[[ DATASET ENTRIES, beginning ]]

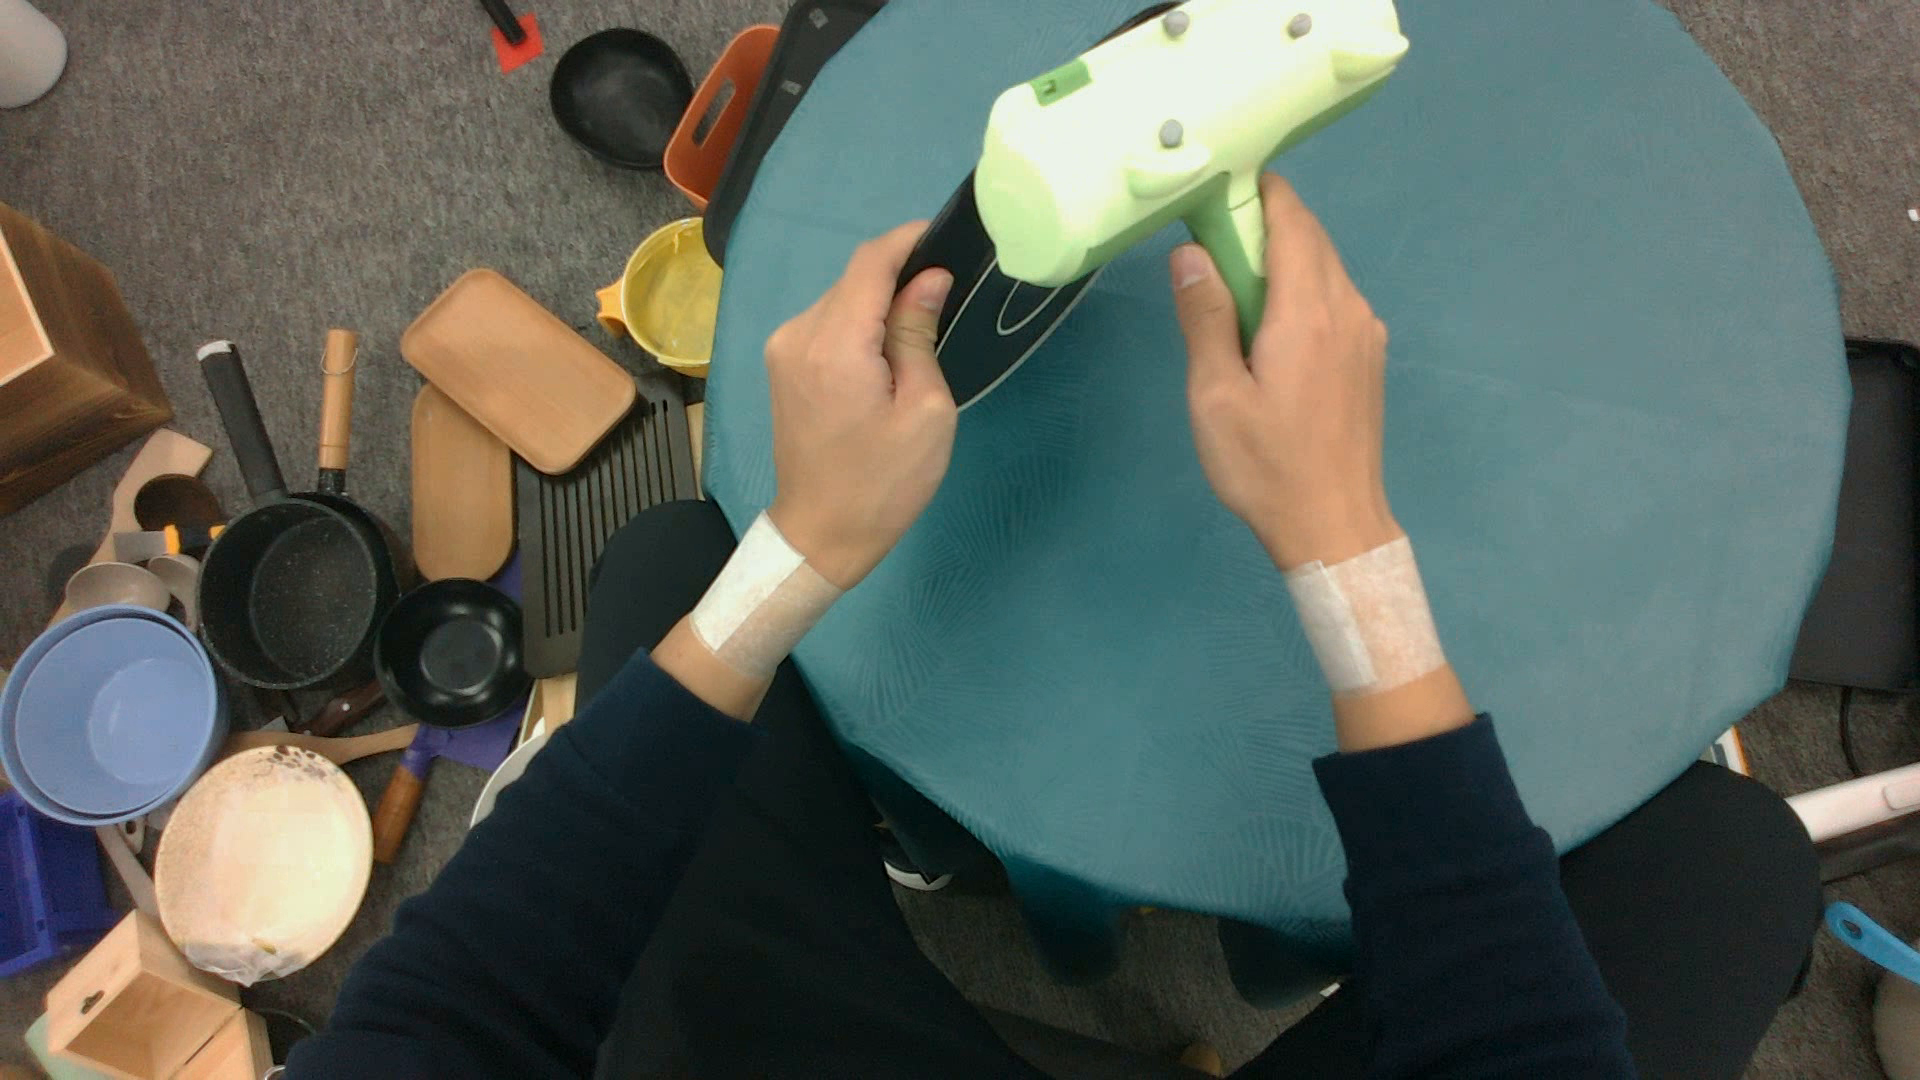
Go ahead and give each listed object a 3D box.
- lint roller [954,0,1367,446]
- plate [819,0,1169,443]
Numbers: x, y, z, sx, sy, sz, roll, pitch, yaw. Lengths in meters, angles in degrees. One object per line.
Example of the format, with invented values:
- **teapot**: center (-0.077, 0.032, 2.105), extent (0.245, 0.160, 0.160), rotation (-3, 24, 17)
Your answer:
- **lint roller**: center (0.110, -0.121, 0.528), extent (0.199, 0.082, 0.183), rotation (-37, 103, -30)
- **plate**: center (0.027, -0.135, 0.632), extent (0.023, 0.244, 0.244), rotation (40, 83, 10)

[[ DATASET ENTRIES, end ]]

AIM OF THE EXERCISE: Stop at the line containing "Example of the" and include it. Everything from the first line of the material up to there is to be repeated exactly, leaving out pictures.

RESPONSE TO THE TASK:
Go ahead and give each listed object a 3D box.
- lint roller [954,0,1367,446]
- plate [819,0,1169,443]
Numbers: x, y, z, sx, sy, sz, roll, pitch, yaw. Lengths in meters, angles in degrees. One object per line.
Example of the format, with invented values:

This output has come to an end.